Bu bölgede kullanılan çöplerin toplandıkları kutuların farklı renkteki kapakları çöplerin baştan itibaren kolaylıkla kategorilere ayrılmasına yardımcı oluyor. Burada toplanan çöpler günde iki kez hava basıncı sistemiyle yeraltındaki boru sistemine boşaltılıyor. Bunların arasındaki organik atıklar gübre üretim merkezine gönderilirken, diğer çöpler de yakılarak imha ediliyor. Bu yakma aşamasında elde edilen enerji, merkezi ısıtma sisteminde kullanılıyor. Atık sıvılardan ise arıtma tesislerinde daha sonradan ocaklarda ve otobüslerde kullanılan biyogaz elde ediliyor.

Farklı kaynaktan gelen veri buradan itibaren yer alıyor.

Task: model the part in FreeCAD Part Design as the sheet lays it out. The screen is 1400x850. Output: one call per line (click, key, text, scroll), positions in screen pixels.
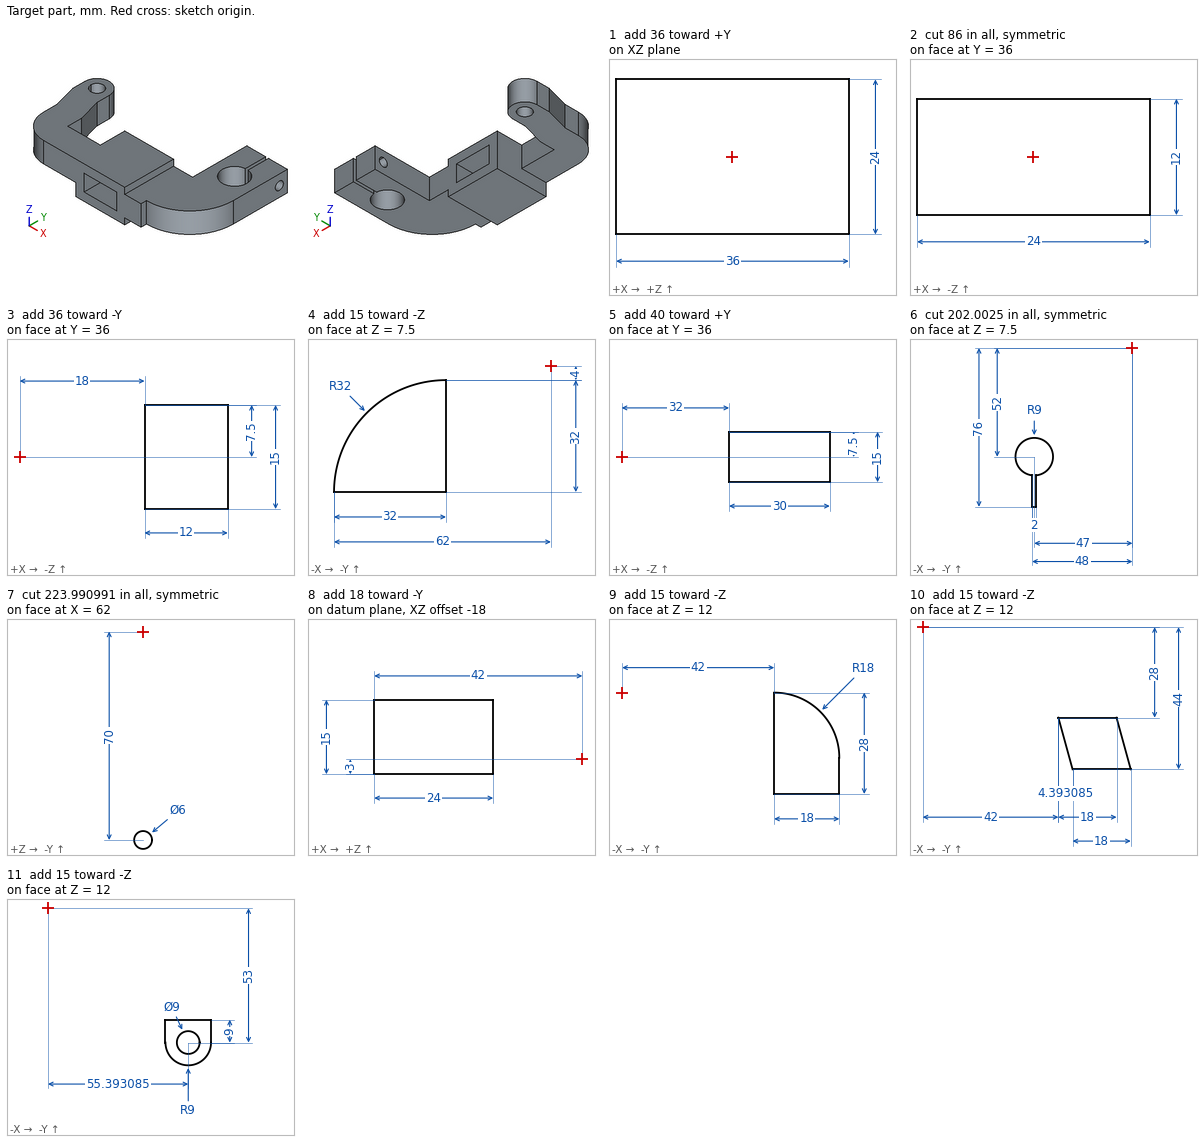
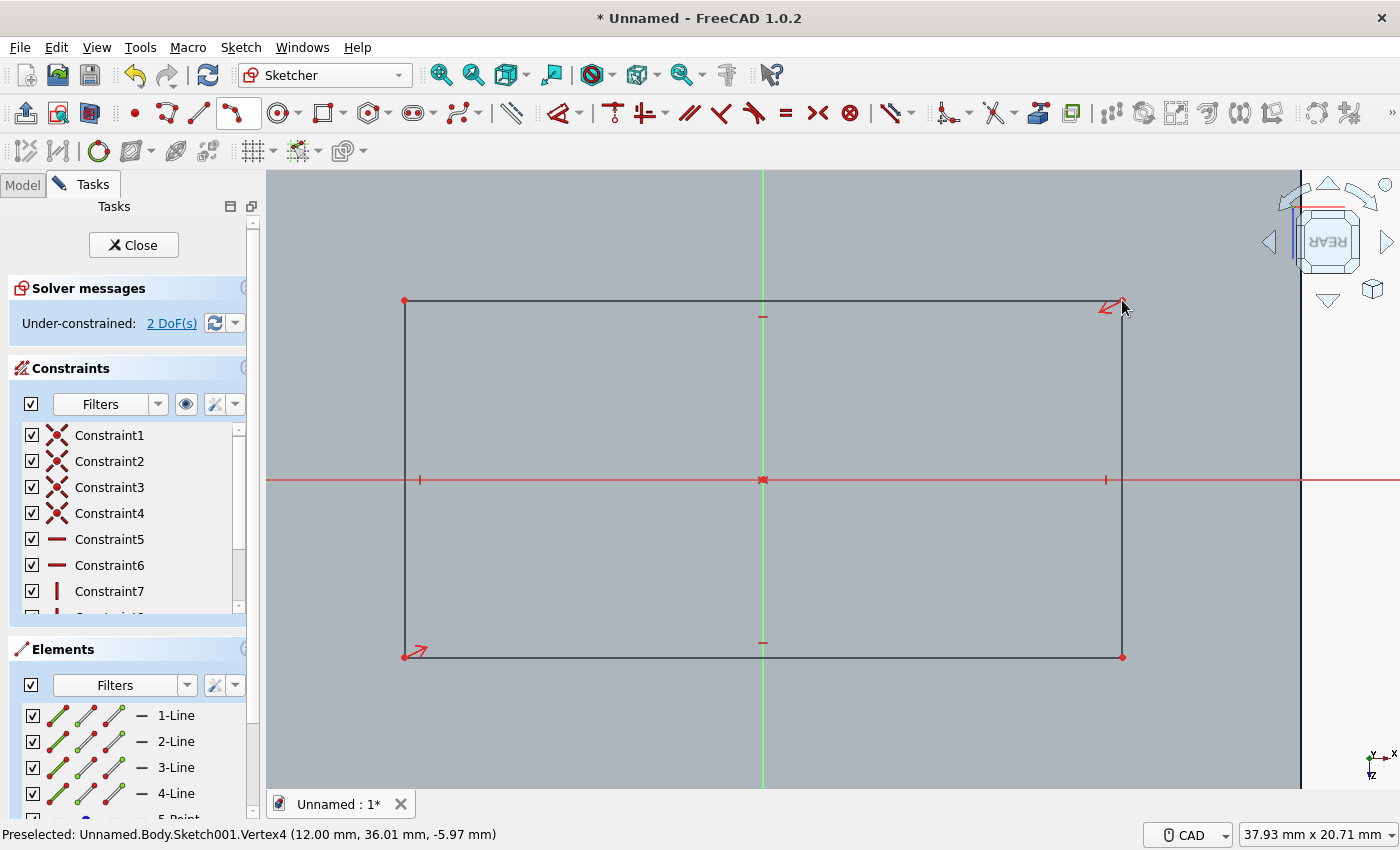
key(d)

Bu yatırımlar sayesinde sera gazı emisyonlarını büyük ölçüde azaltan Stockholm’u, 2011 yılı için ekolojik başkent ünvanını kazanan Hamburg takip ediyor. Çevreci yatırımlar alanında başarılı olan bu şehirler, tüm dünyaya örnek olacak kapasitedeki girişimleri sayesinde doğaya olan zararlarını azaltmak ve sürdürülebilir yaşama katkıda bulunmakla kalmıyor, aynı zamanda da ülke ekonomisine faydalı bir ortam sağlıyorlar.

Çise Ünlüer (21 Mart 2010)
ciseunluer@hotmail.com

1 comment:

  1. Umarım onlar böylelikle başı çekmiş olurlar da diğer ülkeler koşarak takip ederler...
    Dengemizi ve rotamızı nasıl şaşmışsak özümüze dönebilmek için strateji ve proje geliştirir duruma geldik.